Because these functions can execute arbitrary code at the user's permission level, it is relatively easy to write a malicious deserializer -- e.g. one that deletes all the files on your hard disk.
Dill is built on top of pickle, and the warnings apply just as much to pickle as they do to dill.
Pickle uses a stack language to effectively execute arbitrary Python code. An attacker can sneak in instructions to open up a backport to your machine, for example. Don't ever use pickled data from untrusted sources.
The documentation includes an explicit warning:
Warning: The
pickle
module is not secure against erroneous or maliciously constructed data. Never unpickle data received from an untrusted or unauthenticated source.
Although I don't see a warning, does a similar situation also exist for pickle?
Always, always assume that just because someone doesn't state it's dangerous it is not safe to use something.
That being said, Pickle docs do say the same:
Warning The
pickle
module is not secure against erroneous or maliciously constructed data.
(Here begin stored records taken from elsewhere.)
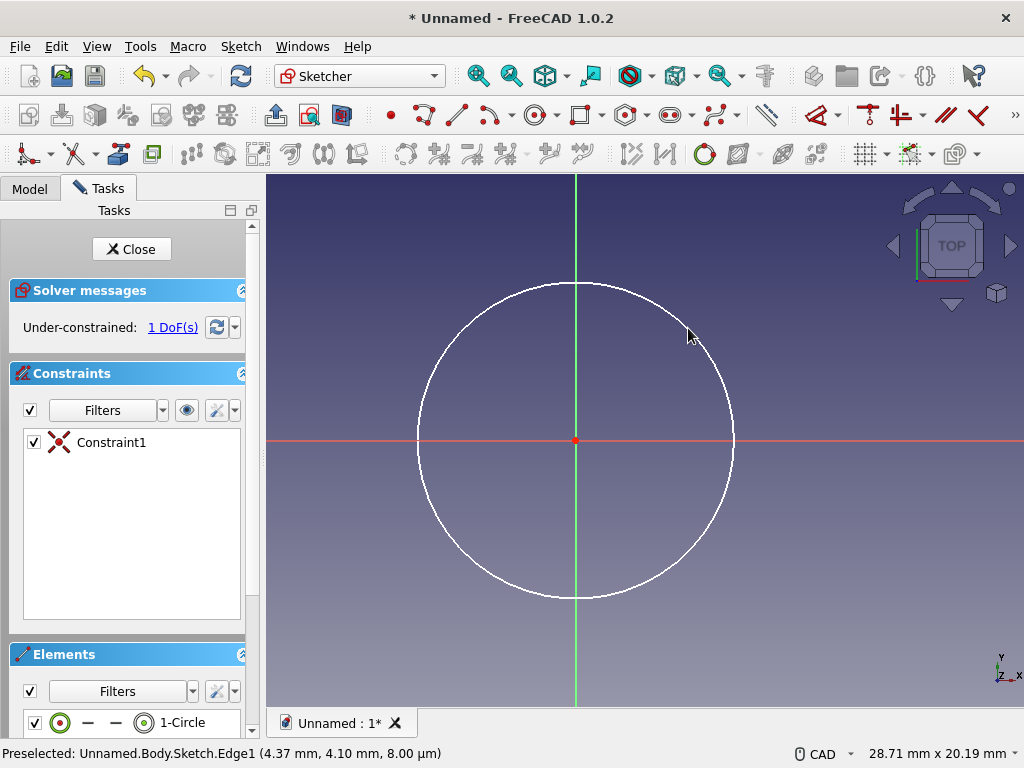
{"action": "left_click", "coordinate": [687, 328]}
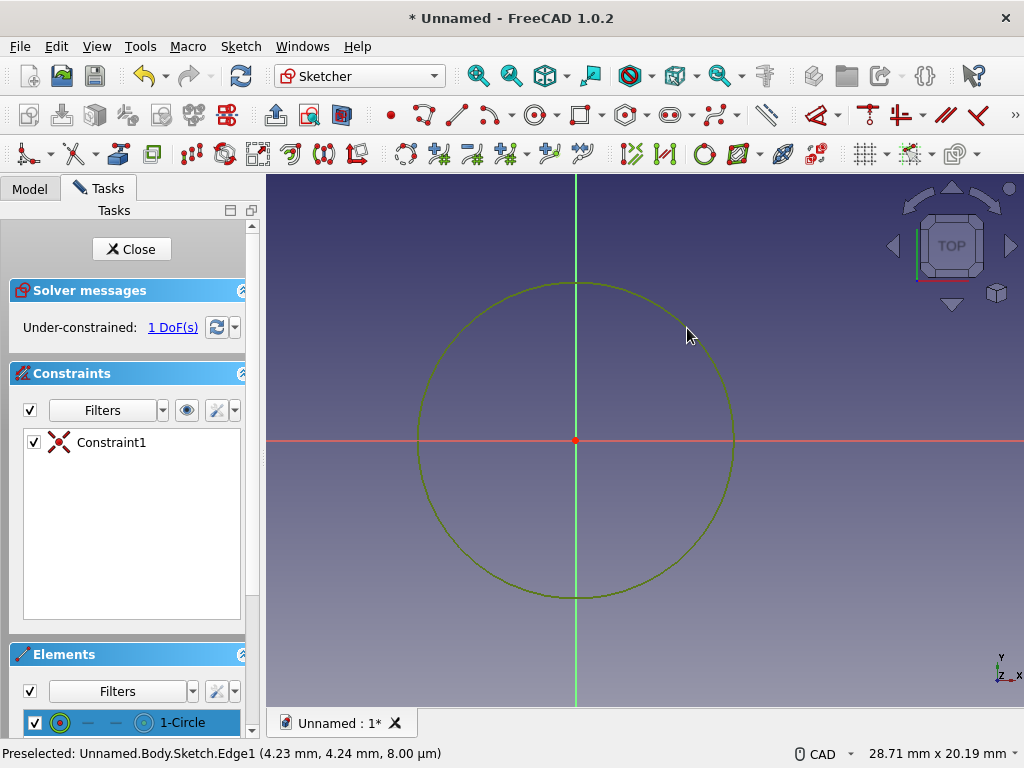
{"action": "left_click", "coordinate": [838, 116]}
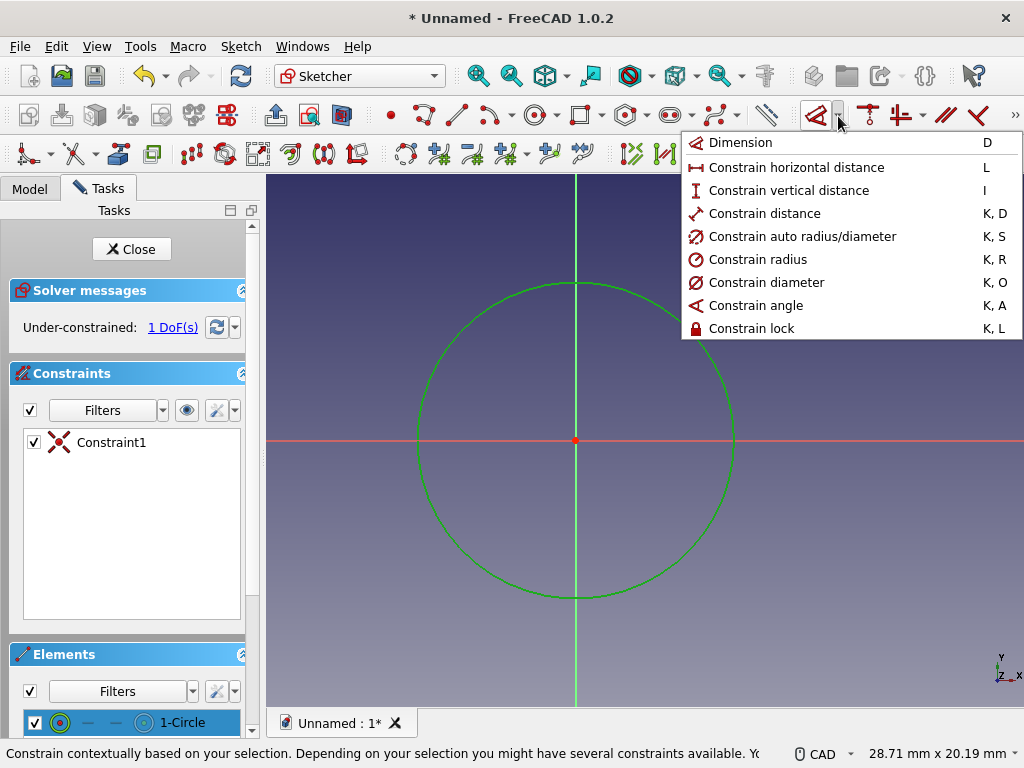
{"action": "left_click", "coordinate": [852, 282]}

Never unpickle data received from an untrusted or unauthenticated source.
So yes, that security risk exists on pickle, too.
To explain the background: pickle and dill restore the state of python objects. In CPython, the default python implementation, this means restoring PyObjects
structs, which contain a length field. Modification of that, as an example, leads to funky effects and might have arbitrary effects on your python process' memory.
By the way, even assuming that data is not malicious doesn't mean you can un-pickle or un-dill just about anything that comes e.g. from a different python version. So, to me, that question is a bit of theoretical one: If you need portable objects, you will have to implement a rock-solid serialization/deserialization mechanism that transports the data you need transported, and nothing more or less.